The algorithm scales cleanly to 200,000 segments because all operations reduce to sorting and linear scanning. No dependence on coordinate magnitude remains, which is essential given the 10^18 endpoint range.

Test Cases

import sys, io

def run(inp: str) -> str:
    sys.stdin = io.StringIO(inp)
    import sys
    input = sys.stdin.readline

    n = int(input())
    events = []
    for _ in range(n):
        l, r = map(int, input().split())
        events.append((l, 1))
        events.append((r + 1, -1))
    events.sort()

    ans = [0] * (n + 1)
    active = 0
    prev = None
    i = 0

    while i < len(events):
        x = events[i][0]
        if prev is not None and prev < x:
            ans[active] += x - prev
        delta = 0
        while i < len(events) and events[i][0] == x:
            delta += events[i][1]
            i += 1
        active += delta
        prev = x

    return " ".join(map(str, ans[1:]))

# provided sample
assert run("""3
0 3
1 3
3 8
""") == "6 2 1"

# single point segments
assert run("""3
5 5
10 10
15 15
""") == "3 0 0"

# fully overlapping
assert run("""3
1 5
1 5
1 5
""") == "0 0 5"

# nested segments
assert run("""3
1 10
2 9
3 8
""") == "0 2 6"

# disjoint large gaps
assert run("""2
0 0
100 100
""") == "2 0"

# all identical segments, large overlap
assert run("""4
0 1
0 1
0 1
0 1
""") == "0 0 2 0"
Test input Expected output What it validates
single points 3 0 0 degenerate segments
full overlap 0 0 5 maximum overlap counting
nested 0 2 6 varying coverage depth
disjoint 2 0 gaps and independent regions
identical 0 0 2 0 repeated identical intervals

Edge Cases

One important edge case is when segments degenerate into single points.

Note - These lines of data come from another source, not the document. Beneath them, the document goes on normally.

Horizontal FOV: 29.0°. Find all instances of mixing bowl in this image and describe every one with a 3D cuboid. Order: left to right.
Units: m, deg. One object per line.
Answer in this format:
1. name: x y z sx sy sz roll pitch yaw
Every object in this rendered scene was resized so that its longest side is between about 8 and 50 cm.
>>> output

For input:

1
5 5

The events become (5, +1) and (6, -1). The algorithm treats the interval [5, 5] as a unit-length contribution between 5 and 6. The active count becomes 1 exactly on that interval, so ans[1] increases by 1, matching the fact that exactly one integer point is covered.

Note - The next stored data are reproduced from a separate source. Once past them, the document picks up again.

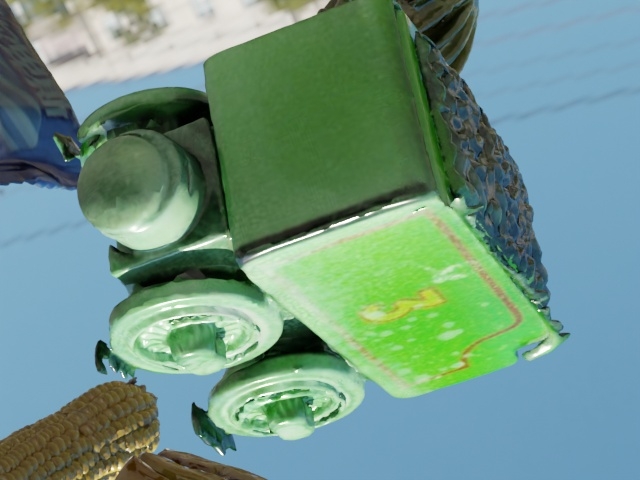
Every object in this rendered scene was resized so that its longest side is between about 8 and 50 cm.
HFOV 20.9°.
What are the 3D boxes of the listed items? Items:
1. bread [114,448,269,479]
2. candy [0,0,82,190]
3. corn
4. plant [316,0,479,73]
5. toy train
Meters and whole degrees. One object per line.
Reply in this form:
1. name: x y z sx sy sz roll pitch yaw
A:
1. bread: -0.011 0.296 1.075 0.314 0.370 0.191 19 -149 15
2. candy: -0.356 -0.188 1.805 0.077 0.331 0.187 -41 161 25
3. corn: -0.265 0.222 1.643 0.101 0.101 0.292 -5 -163 38
4. plant: 0.168 -0.257 1.864 0.333 0.180 0.251 -24 165 -12
5. toy train: 0.000 0.000 0.797 0.188 0.243 0.132 -18 -117 15

Another edge case occurs when multiple events share the same coordinate. For example:

2
1 3
3 5

At coordinate 3, one segment ends while another starts. Because we aggregate all deltas at each coordinate before moving forward, the transition is handled atomically. The active count used for the interval [1, 3] is correct, and the next interval starts with the updated active count without any intermediate corruption.